(EXERCISE INSTRUCTIONS):
Please give back the listing below word for word, without the images.

(DATA BLOCK):
────────────────────────────────────────

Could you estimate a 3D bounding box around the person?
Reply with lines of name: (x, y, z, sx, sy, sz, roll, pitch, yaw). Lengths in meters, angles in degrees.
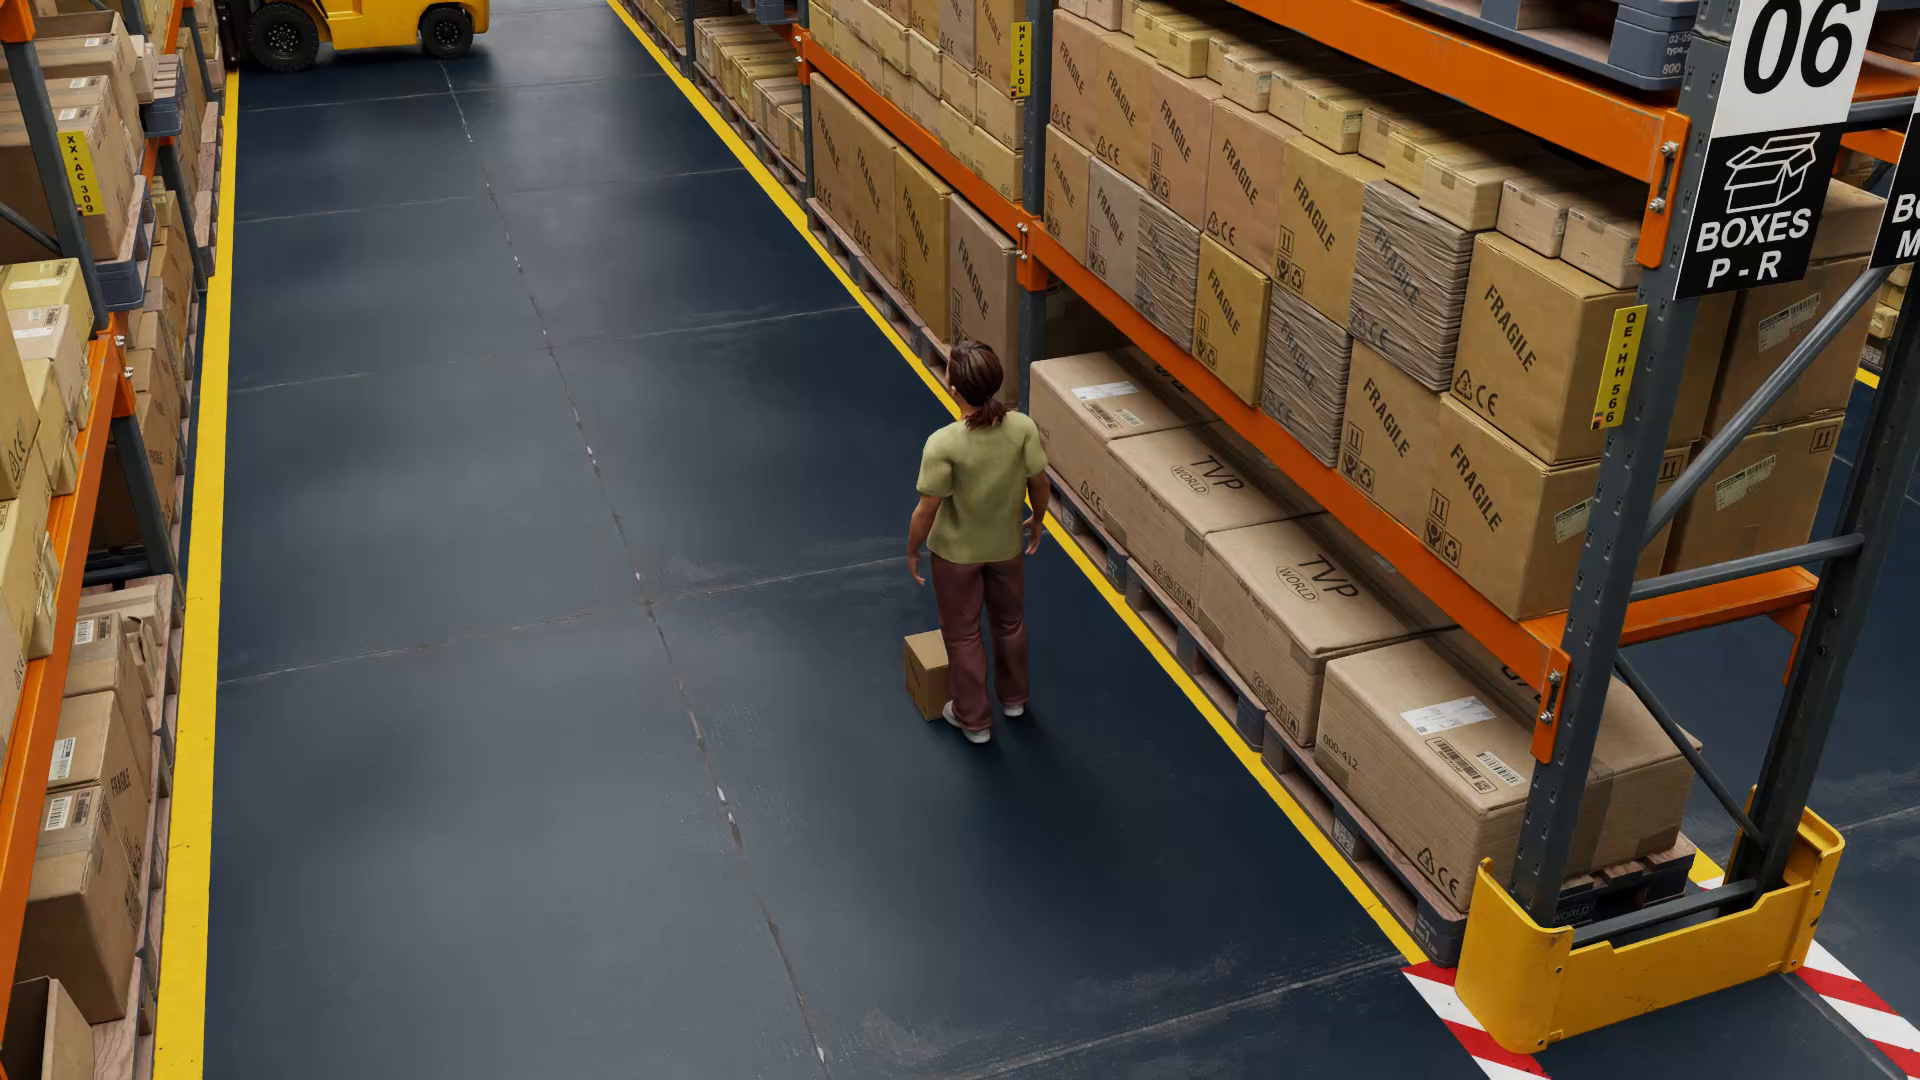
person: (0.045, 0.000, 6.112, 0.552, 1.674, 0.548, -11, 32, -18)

────────────────────────────────────────

(TASK OUTPUT):
Could you estimate a 3D bounding box around the person?
Reply with lines of name: (x, y, z, sx, sy, sz, roll, pitch, yaw). Lengths in meters, angles in degrees.
person: (0.045, 0.000, 6.112, 0.552, 1.674, 0.548, -11, 32, -18)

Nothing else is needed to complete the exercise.